Task inputs:
* * *
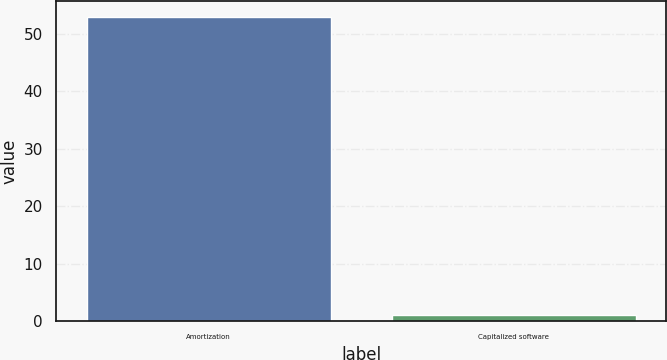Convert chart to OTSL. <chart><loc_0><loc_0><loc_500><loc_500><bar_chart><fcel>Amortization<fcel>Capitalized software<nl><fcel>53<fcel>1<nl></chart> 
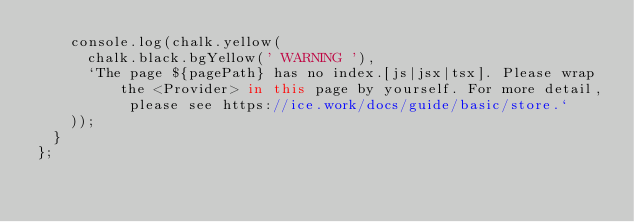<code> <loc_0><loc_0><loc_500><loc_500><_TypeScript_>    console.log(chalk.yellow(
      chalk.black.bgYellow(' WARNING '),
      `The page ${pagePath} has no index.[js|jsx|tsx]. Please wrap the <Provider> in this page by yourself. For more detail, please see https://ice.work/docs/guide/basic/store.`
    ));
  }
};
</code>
* * *
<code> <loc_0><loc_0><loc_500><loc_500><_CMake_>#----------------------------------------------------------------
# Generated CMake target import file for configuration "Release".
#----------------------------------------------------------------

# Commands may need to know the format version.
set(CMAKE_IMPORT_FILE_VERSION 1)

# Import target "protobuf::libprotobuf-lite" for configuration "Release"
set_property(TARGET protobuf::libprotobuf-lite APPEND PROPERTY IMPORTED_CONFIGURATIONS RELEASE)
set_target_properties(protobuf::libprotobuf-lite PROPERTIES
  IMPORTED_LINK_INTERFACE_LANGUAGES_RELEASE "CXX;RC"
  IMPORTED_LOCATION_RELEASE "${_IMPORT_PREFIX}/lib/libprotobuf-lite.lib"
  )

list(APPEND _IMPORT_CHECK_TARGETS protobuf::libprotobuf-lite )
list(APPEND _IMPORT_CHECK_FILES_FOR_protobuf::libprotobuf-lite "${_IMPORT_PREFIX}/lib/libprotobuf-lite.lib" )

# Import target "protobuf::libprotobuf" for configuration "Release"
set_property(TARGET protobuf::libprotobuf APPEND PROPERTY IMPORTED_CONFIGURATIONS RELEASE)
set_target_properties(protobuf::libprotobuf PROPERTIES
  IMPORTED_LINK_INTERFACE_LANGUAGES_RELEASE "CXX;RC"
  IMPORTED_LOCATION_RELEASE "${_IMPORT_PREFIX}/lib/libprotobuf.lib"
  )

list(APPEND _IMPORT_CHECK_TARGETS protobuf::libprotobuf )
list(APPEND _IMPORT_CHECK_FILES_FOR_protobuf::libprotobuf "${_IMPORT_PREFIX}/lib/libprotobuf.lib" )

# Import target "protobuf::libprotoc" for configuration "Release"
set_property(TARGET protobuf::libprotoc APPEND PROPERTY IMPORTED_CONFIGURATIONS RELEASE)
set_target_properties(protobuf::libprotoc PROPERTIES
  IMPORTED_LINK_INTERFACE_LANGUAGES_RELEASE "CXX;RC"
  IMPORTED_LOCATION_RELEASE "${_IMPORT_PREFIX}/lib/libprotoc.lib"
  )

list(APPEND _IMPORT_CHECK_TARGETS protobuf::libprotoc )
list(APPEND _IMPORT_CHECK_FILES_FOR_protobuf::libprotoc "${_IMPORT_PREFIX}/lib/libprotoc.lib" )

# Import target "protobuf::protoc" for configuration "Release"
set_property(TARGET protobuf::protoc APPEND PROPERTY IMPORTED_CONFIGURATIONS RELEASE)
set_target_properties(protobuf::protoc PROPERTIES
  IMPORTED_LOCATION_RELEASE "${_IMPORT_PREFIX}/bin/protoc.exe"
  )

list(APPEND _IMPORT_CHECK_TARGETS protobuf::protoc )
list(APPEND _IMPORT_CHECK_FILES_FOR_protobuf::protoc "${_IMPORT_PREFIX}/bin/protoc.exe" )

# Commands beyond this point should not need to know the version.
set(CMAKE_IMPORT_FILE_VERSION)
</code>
* * *
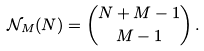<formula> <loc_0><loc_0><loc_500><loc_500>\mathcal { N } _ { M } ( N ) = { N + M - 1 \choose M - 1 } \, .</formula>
* * *
Task to carry out:
Tell how many lines above include the word "this". Give the number alone.

Exercise output:
2